O amigo Falcão parece ser do tipo correligionário de pessoas que por conivência com as suas próprias crenças ou mediações ignora os podres e os precipícios do ser e louva as grandezas da ideologia às custas da verdade das coisas: ao criticar João Pedro George pelo “Monólogo do Taxista”, Rui Falcão esgota a pertinência dos lugares comuns da cultura portuguesa, mesmo quando estes se revestem do saudável embuço da ironia e, desse modo, nega a residual piada que ainda habita o mais batido sketch humorístico dos últimos anos: “…falam, falam e eu não os vejo a fazer nada pá, fico chatedo com certeza que fico chateado, pá..”
Haverá maior e mais corrente evidência de um tipo ideal, sr. Rui Falcão?

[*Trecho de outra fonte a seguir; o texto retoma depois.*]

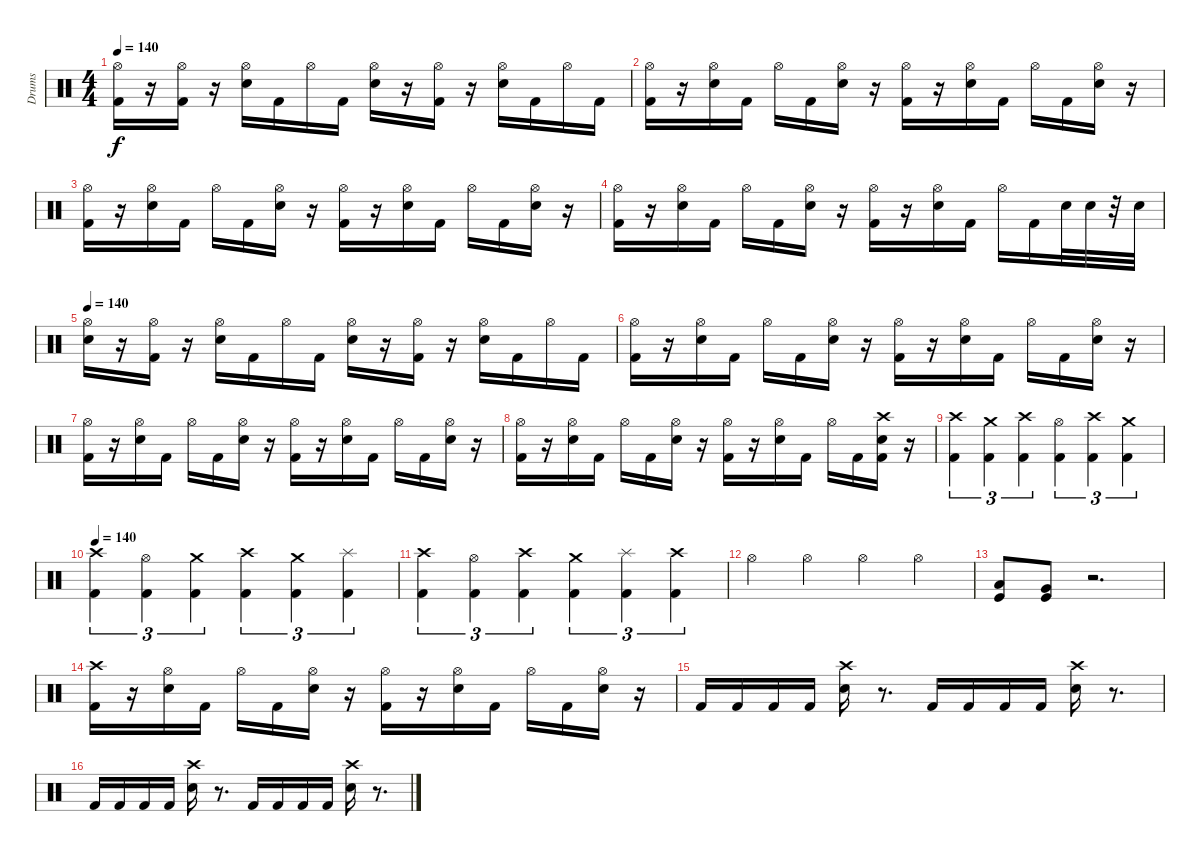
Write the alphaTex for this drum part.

\track ("Drums" "Drums") {instrument percussion}
\staff {score}
\articulation defaults
\ts (4 4)
\tempo 140
\clef neutral
\ks c
("Kick (hit) 2" "Hi-Hat (open)").16{dy f} r.16 ("Kick (hit) 2" "Hi-Hat (open)").16 r.16 ("Electric Snare (hit)" "Hi-Hat (open)").16 "Kick (hit) 2".16 "Hi-Hat (open)".16 "Kick (hit) 2".16 ("Electric Snare (hit)" "Hi-Hat (open)").16 r.16 ("Kick (hit) 2" "Hi-Hat (open)").16 r.16 ("Hi-Hat (open)" "Electric Snare (hit)").16 "Kick (hit) 2".16 "Hi-Hat (open)".16 "Kick (hit) 2".16 |
("Hi-Hat (open)" "Kick (hit) 2").16 r.16 ("Hi-Hat (open)" "Electric Snare (hit)").16 "Kick (hit) 2".16 "Hi-Hat (open)".16 "Kick (hit) 2".16 ("Hi-Hat (open)" "Electric Snare (hit)").16 r.16 ("Hi-Hat (open)" "Kick (hit) 2").16 r.16 ("Electric Snare (hit)" "Hi-Hat (open)").16 "Kick (hit) 2".16 "Hi-Hat (open)".16 "Kick (hit) 2".16 ("Electric Snare (hit)" "Hi-Hat (open)").16 r.16 |
("Kick (hit) 2" "Hi-Hat (open)").16 r.16 ("Hi-Hat (open)" "Electric Snare (hit)").16 "Kick (hit) 2".16 "Hi-Hat (open)".16 "Kick (hit) 2".16 ("Hi-Hat (open)" "Electric Snare (hit)").16 r.16 ("Kick (hit) 2" "Hi-Hat (open)").16 r.16 ("Electric Snare (hit)" "Hi-Hat (open)").16 "Kick (hit) 2".16 "Hi-Hat (open)".16 "Kick (hit) 2".16 ("Electric Snare (hit)" "Hi-Hat (open)").16 r.16 |
("Kick (hit) 2" "Hi-Hat (open)").16 r.16 ("Electric Snare (hit)" "Hi-Hat (open)").16 "Kick (hit) 2".16 "Hi-Hat (open)".16 "Kick (hit) 2".16 ("Hi-Hat (open)" "Electric Snare (hit)").16 r.16 ("Hi-Hat (open)" "Kick (hit) 2").16 r.16 ("Hi-Hat (open)" "Electric Snare (hit)").16 "Kick (hit) 2".16 "Hi-Hat (open)".16 "Kick (hit) 2".16 "Electric Snare (hit)".32 "Electric Snare (hit)".32 r.32 "Electric Snare (hit)".32 |
\tempo 140
("Electric Snare (hit)" "Hi-Hat (open)").16 r.16 ("Hi-Hat (open)" "Kick (hit) 2").16 r.16 ("Electric Snare (hit)" "Hi-Hat (open)").16 "Kick (hit) 2".16 "Hi-Hat (open)".16 "Kick (hit) 2".16 ("Electric Snare (hit)" "Hi-Hat (open)").16 r.16 ("Kick (hit) 2" "Hi-Hat (open)").16 r.16 ("Hi-Hat (open)" "Electric Snare (hit)").16 "Kick (hit) 2".16 "Hi-Hat (open)".16 "Kick (hit) 2".16 |
("Kick (hit) 2" "Hi-Hat (open)").16 r.16 ("Electric Snare (hit)" "Hi-Hat (open)").16 "Kick (hit) 2".16 "Hi-Hat (open)".16 "Kick (hit) 2".16 ("Electric Snare (hit)" "Hi-Hat (open)").16 r.16 ("Kick (hit) 2" "Hi-Hat (open)").16 r.16 ("Hi-Hat (open)" "Electric Snare (hit)").16 "Kick (hit) 2".16 "Hi-Hat (open)".16 "Kick (hit) 2".16 ("Hi-Hat (open)" "Electric Snare (hit)").16 r.16 |
("Hi-Hat (open)" "Kick (hit) 2").16 r.16 ("Electric Snare (hit)" "Hi-Hat (open)").16 "Kick (hit) 2".16 "Hi-Hat (open)".16 "Kick (hit) 2".16 ("Electric Snare (hit)" "Hi-Hat (open)").16 r.16 ("Hi-Hat (open)" "Kick (hit) 2").16 r.16 ("Hi-Hat (open)" "Electric Snare (hit)").16 "Kick (hit) 2".16 "Hi-Hat (open)".16 "Kick (hit) 2".16 ("Hi-Hat (open)" "Electric Snare (hit)").16 r.16 |
("Hi-Hat (open)" "Kick (hit) 2").16 r.16 ("Hi-Hat (open)" "Electric Snare (hit)").16 "Kick (hit) 2".16 "Hi-Hat (open)".16 "Kick (hit) 2".16 ("Electric Snare (hit)" "Hi-Hat (open)").16 r.16 ("Hi-Hat (open)" "Kick (hit) 2").16 r.16 ("Hi-Hat (open)" "Electric Snare (hit)").16 "Kick (hit) 2".16 "Hi-Hat (open)".16 "Kick (hit) 2".16 ("Kick (hit) 2" "Crash high (hit)" "Electric Snare (hit)").16 r.16 |
("Crash high (hit)" "Kick (hit) 2").4{tu (3 2)} ("Crash medium (hit)" "Kick (hit) 2").4{tu (3 2)} ("Crash high (hit)" "Kick (hit) 2").4{tu (3 2)} ("Hi-Hat (open)" "Kick (hit) 2").4{tu (3 2)} ("Crash high (hit)" "Kick (hit) 2").4{tu (3 2)} ("Crash medium (hit)" "Kick (hit) 2").4{tu (3 2)} |
\tempo 140
("Crash high (hit)" "Kick (hit) 2").4{tu (3 2)} ("Hi-Hat (open)" "Kick (hit) 2").4{tu (3 2)} ("Crash medium (hit)" "Kick (hit) 2").4{tu (3 2)} ("Crash high (hit)" "Kick (hit) 2").4{tu (3 2)} ("Crash medium (hit)" "Kick (hit) 2").4{tu (3 2)} ("Splash (hit)" "Kick (hit) 2").4{tu (3 2)} |
("Crash high (hit)" "Kick (hit) 2").4{tu (3 2)} ("Hi-Hat (open)" "Kick (hit) 2").4{tu (3 2)} ("Crash high (hit)" "Kick (hit) 2").4{tu (3 2)} ("Crash medium (hit)" "Kick (hit) 2").4{tu (3 2)} ("Splash (hit)" "Kick (hit) 2").4{tu (3 2)} ("Crash high (hit)" "Kick (hit) 2").4{tu (3 2)} |
"Hi-Hat (open)".4 "Hi-Hat (open)".4 "Hi-Hat (open)".4 "Hi-Hat (open)".4 |
("Kick (hit)" "Low Floor Tom (hit)").8 ("Very Low Tom (hit)" "Kick (hit)").8 r.2{d} |
("Crash high (hit)" "Kick (hit) 2").16 r.16 ("Hi-Hat (open)" "Electric Snare (hit)").16 "Kick (hit) 2".16 "Hi-Hat (open)".16 "Kick (hit) 2".16 ("Electric Snare (hit)" "Hi-Hat (open)").16 r.16 ("Kick (hit) 2" "Hi-Hat (open)").16 r.16 ("Electric Snare (hit)" "Hi-Hat (open)").16 "Kick (hit) 2".16 "Hi-Hat (open)".16 "Kick (hit) 2".16 ("Electric Snare (hit)" "Hi-Hat (open)").16 r.16 |
"Kick (hit) 2".16 "Kick (hit) 2".16 "Kick (hit) 2".16 "Kick (hit) 2".16 ("Crash high (hit)" "Electric Snare (hit)").16 r.8{d} "Kick (hit) 2".16 "Kick (hit) 2".16 "Kick (hit) 2".16 "Kick (hit) 2".16 ("Crash high (hit)" "Electric Snare (hit)").16 r.8{d} |
"Kick (hit) 2".16 "Kick (hit) 2".16 "Kick (hit) 2".16 "Kick (hit) 2".16 ("Electric Snare (hit)" "Crash high (hit)").16 r.8{d} "Kick (hit) 2".16 "Kick (hit) 2".16 "Kick (hit) 2".16 "Kick (hit) 2".16 ("Crash high (hit)" "Electric Snare (hit)").16 r.8{d}

A ausência de consequências de monta, que não sejam a troca providencial de uns quantos galhardetes verbais, tira à demanda a carga dramática que torna irrisórias discussões como esta, em questões viscerais, de toada epopeica.
Se assim não fosse, tão rico que tudo seria. Digno das melhores manifestações da praxis romântica, valente e bom seria ver João Pedro George desfraldar a luva branca nas ventas da crítica, como um Castilho ressurrecto, enxotando os Eças e os Anteros.

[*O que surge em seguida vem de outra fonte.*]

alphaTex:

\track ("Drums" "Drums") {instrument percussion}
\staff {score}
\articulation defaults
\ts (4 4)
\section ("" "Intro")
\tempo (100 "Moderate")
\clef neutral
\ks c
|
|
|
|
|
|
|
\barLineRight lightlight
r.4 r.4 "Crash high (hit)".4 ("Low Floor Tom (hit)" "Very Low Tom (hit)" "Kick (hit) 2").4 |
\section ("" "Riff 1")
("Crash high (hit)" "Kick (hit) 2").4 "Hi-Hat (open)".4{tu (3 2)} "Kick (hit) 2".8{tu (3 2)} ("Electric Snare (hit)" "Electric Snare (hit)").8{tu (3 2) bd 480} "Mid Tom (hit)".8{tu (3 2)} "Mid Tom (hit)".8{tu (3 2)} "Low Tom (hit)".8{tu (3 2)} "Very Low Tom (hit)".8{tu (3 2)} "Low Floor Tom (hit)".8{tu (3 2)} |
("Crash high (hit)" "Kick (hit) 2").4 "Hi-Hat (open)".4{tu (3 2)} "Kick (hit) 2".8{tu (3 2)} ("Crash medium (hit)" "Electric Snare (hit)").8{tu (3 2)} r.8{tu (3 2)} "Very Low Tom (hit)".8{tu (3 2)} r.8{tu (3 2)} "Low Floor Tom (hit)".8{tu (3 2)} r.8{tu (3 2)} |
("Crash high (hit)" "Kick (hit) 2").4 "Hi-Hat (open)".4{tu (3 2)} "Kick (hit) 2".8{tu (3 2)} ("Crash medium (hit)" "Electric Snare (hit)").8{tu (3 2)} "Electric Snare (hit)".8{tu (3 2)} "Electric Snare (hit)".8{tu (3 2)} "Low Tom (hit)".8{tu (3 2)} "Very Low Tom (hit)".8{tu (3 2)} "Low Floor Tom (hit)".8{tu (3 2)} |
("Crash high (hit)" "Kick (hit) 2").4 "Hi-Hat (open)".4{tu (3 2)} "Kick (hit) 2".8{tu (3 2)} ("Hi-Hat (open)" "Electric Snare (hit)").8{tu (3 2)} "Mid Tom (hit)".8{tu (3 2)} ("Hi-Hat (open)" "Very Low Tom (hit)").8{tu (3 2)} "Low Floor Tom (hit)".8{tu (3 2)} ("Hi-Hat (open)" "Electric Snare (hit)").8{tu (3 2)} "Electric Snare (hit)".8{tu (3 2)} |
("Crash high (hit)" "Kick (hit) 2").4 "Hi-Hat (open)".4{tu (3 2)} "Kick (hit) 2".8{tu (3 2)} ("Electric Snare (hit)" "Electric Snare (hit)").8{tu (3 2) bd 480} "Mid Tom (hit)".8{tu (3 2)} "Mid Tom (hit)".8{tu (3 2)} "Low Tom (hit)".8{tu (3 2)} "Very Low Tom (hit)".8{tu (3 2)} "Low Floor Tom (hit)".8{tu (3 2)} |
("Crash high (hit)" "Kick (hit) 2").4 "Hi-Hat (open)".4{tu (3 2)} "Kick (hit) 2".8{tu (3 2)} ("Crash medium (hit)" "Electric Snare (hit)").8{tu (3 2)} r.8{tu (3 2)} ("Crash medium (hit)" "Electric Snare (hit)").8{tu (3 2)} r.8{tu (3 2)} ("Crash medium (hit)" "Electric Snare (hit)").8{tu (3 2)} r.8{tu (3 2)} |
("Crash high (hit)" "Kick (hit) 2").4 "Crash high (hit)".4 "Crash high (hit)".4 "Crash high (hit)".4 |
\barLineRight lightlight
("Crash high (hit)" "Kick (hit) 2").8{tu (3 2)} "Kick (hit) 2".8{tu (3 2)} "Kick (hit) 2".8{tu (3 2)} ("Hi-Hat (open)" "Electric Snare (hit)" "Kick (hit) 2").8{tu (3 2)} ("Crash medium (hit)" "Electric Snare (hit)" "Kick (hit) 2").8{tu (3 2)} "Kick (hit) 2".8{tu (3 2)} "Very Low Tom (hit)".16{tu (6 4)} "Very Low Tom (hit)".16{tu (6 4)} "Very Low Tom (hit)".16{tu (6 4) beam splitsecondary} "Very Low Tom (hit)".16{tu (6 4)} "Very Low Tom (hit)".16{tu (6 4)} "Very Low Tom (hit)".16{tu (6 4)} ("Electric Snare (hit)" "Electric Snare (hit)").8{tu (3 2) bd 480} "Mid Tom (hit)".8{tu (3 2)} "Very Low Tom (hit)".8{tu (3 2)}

Justo será dizer que as comparações se devem resumir obrigatoriamente às formalidades do duelo, pois a impressão subtraída é a de que JPG veste mal Castilho. Ou melhor, não merece que lhe assaquem qualquer tipo de ortodoxia (quanto mais a ortodoxia pontifex de Castilho).
Não sei. Talvez se tenham invertido os papéis, na mecânica das provocações; essa é a impressão que suscita a reacção de Rui Falcão, falível, a meu ver, por nela existir algo que soa a uma ingenuidade terrível, a um purismo absorto na forma como a legitimidade de ser dos portugueses é feita.
Se bem me lembro, a contenda teve no seu início um texto de João Pedro George em que a figura prosélita de um taxista de Lisboa ganha, por anuência do autor, os contornos e a substância de um tipo ideal weberiano.
O tipo ideal weberiano é o fulano ou a situação que polariza em si este ou est’outro traço característico – ou generalizações – que são de forma empírica (logo, não científica) assacadas a um grupo, casta ou classe social.
De certa forma, o tipo ideal weberiano é a caricatura que o observador atento traça dos vícios gerais do anonimato, uma radiografia cromática ao civil desconhecido, a abordagem concreta aos trâmites rotundos e militantemente comuns da alma colectiva.
Ter a plena consciência de que existem tais traços de carácter em que, de uma ou de outra forma, todos somos passíveis de incorrer, é reconhecer uma certa dimensão de tangibilidade na forma como os portugueses se apropriam da realidade e de como fundamentam, a partir dessa apropriação, o seu modo de ser e o seu modo de estar perante o outro.
Negar, como nega Rui Falcão, que um taxista da Lisboa contemporânea seria incapaz de proferir algo tão rebuscado e tão pouco compatível com a polida observância das regras do politicamente correcto é afirmar, com um proselitismo selectivo, a elipse do carácter pérfido dos portugueses em favor de uma fragmentação elitista e profundamente estigmatizada da sociedade portuguesa.
O pior dos estigmatismos é o que abafa o cérebro com certos coágulos de intolerância; Rui Falcão, pelo materialismo absoluto com que criticou JPG, parece ser dos que negam aquilo que lhes convém negar apenas para que a percepção que desenvolvem do mundo permaneça impoluta, cor-de-rosa e mais judiciosa que todas as outras.
O amigo Falcão parece ser do tipo correligionário de pessoas que por conivência com as suas próprias crenças ou mediações ignora os podres e os precipícios do ser e louva as grandezas da ideologia às custas da verdade das coisas: ao criticar João Pedro George pelo “Monólogo do Taxista”, Rui Falcão esgota a pertinência dos lugares comuns da cultura portuguesa, mesmo quando estes se revestem do saudável embuço da ironia e, desse modo, nega a residual piada que ainda habita o mais batido sketch humorístico dos últimos anos: “…falam, falam e eu não os vejo a fazer nada pá, fico chatedo com certeza que fico chateado, pá..”
Haverá maior e mais corrente evidência de um tipo ideal, sr. Rui Falcão?